Sometimes the interesting things are hidden in plain sight and it’s remarkably easy to just overlook stuff like bits of public art because you see them all the time, these are just such a thing. I am a lover of city hall, I like the shape it makes in the sky, it’s a proud building, modernity, looking forward from the 1930s when the huge area of courts and yards was swept away and ‘our’ city hall, previously housed in rooms all over and around St Peter Street was opened up, the row of semi derelict hotels swept away at the back of the market and a huge improvement made to the middle of the city.
There are a lot of tales surrounding it as a building; some mythic some not so, Hitler liked it apparently as it features the longest balcony in Northern Europe of any civil building, Ideal for waving your arms about like a crank on, as anyone can see whenever we get promoted in the football, in our constant tussle with not being relegated again 12 months later, Joyce aka Lord Haw Haw is said to have mentioned trying to bomb it on his radio show, which is rather at odds with what Hitler would have wanted, although one near miss did obliterate the cafe next door on St Giles. I’ve yet to hear any evidence for this at all anywhere. Also there was a one point a Dornier Do17 parked in the car park to the rear (see previous piece on the Dornier here). And yes it wasn’t finished, the third wing on St Giles was never completed, hence the slightly awkward shape of it.

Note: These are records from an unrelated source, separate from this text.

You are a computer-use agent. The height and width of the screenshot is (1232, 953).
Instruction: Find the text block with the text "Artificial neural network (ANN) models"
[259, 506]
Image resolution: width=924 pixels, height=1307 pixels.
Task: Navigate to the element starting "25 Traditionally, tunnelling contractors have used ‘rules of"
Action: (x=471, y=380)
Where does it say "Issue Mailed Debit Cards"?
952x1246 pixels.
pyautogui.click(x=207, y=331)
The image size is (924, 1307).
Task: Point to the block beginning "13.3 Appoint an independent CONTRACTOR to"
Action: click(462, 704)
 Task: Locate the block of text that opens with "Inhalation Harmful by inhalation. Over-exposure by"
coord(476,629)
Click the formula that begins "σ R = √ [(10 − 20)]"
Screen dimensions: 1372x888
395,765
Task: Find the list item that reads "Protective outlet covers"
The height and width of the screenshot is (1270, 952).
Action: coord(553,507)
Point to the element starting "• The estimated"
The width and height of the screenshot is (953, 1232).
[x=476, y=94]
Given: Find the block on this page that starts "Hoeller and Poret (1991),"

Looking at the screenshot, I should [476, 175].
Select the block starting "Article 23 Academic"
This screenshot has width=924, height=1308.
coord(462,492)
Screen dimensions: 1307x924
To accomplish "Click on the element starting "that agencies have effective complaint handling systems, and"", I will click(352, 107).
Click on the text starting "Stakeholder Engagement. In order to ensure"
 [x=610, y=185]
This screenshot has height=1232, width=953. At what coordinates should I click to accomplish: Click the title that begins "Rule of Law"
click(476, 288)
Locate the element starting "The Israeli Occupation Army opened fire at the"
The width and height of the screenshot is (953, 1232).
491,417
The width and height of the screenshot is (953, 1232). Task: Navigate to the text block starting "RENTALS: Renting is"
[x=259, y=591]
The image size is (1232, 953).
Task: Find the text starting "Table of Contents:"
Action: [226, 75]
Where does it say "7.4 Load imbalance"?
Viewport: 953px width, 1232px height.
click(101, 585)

All of this aside one of the nicest things about city hall are the doors. During the design process of the building a proposal was put forward to get James Woodford the Sculptor to create these designs, consisting of 18 roundels by created by sculptor James Woodford depicting the history of Norwich. The doors were cast in 1938 by metal founder J Starkie Gardner.
They are numerous and feature in a rather beautiful 1930s style lots of facets of the city’s history, here’s a few of them like a top 18 chart rundown for all you history pop pickers out there. We have as the main picture above Boulton Paul who built planes for both wars, the most prolific and local was the Sopwith Camel. The most famous probably being the Boulton Paul Defiant; not unlike a hurricane with a Wellington bomber turret welded onto it’s back, so heavy and ugly and so easy to shoot down they were mainly used at night. I still think they were quite cool (and mostly built in Wolverhampton).
Chicken wire, if you live in chicken town, you make chicken wire. There’s one roundel that depicts the building of Norwich, specifically the castle I think, but it could be a Mall, because you can never have too many empty shop units or half empty Malls. Another features the shoe industry once so big now almost non existent, canning plants that were dotted about the city and county. Livestock times two, various manufacturing industries, the main one is a bit of a mystery to me, the figure appears to be making cogs or gears, but there appear to be a doll a shoe and crackers around the edge So I suspect it’s a generic reference. Alarmingly there appears to be one to the ever popular black death.
Our own middle class landowning rebel Robin Hood type; it’s Robert Kett with his major top ten hit, “I held a rebellion and all I got was this hill named after me”. Plus Vikings, argh run away etc, well they did give the city it’s name, even if they didn’t found it. Coming over here stealing all our beer, looting and pillaging, setting fire to Magdalen Street, then integrating, adding more words to our lexicon, tsk, I dunno…
There’s a plough a wool comb and a yarn thingy, which probably has a proper name but I can’t remember it and I’m to lazy to use google just to look clever, which relates to the rich part of the city’s history including the Strangers and all the cloth making, dying and so on we’ve got on with. More building stuff , yep we built old stuff in Norwich, not just out of mud, straw and horseshit either, no we’re great we ship stone all the way from Normandy and make a really rather fantastic cathedral out of it so we have to then winch the stones up really high, thanks Normans. It also features beer, beer, beer… soda siphons, what looks like a fencing mask and a ladies housecoat. Go and have a look. This is what we are about as a city, it’s pieces of art like this that record our function through time and I love it.
Oddly, I once designed a CD cover for a local band that featured one of these on the inside cover.
Oh and City Hall if you read this, your doors need a clean.
Nice pictures. Its a great building inside too. Reminds me of County Hall in Chichester, West Sussex. Built around the same time I imagine. Plenty of Art Deco features remaining.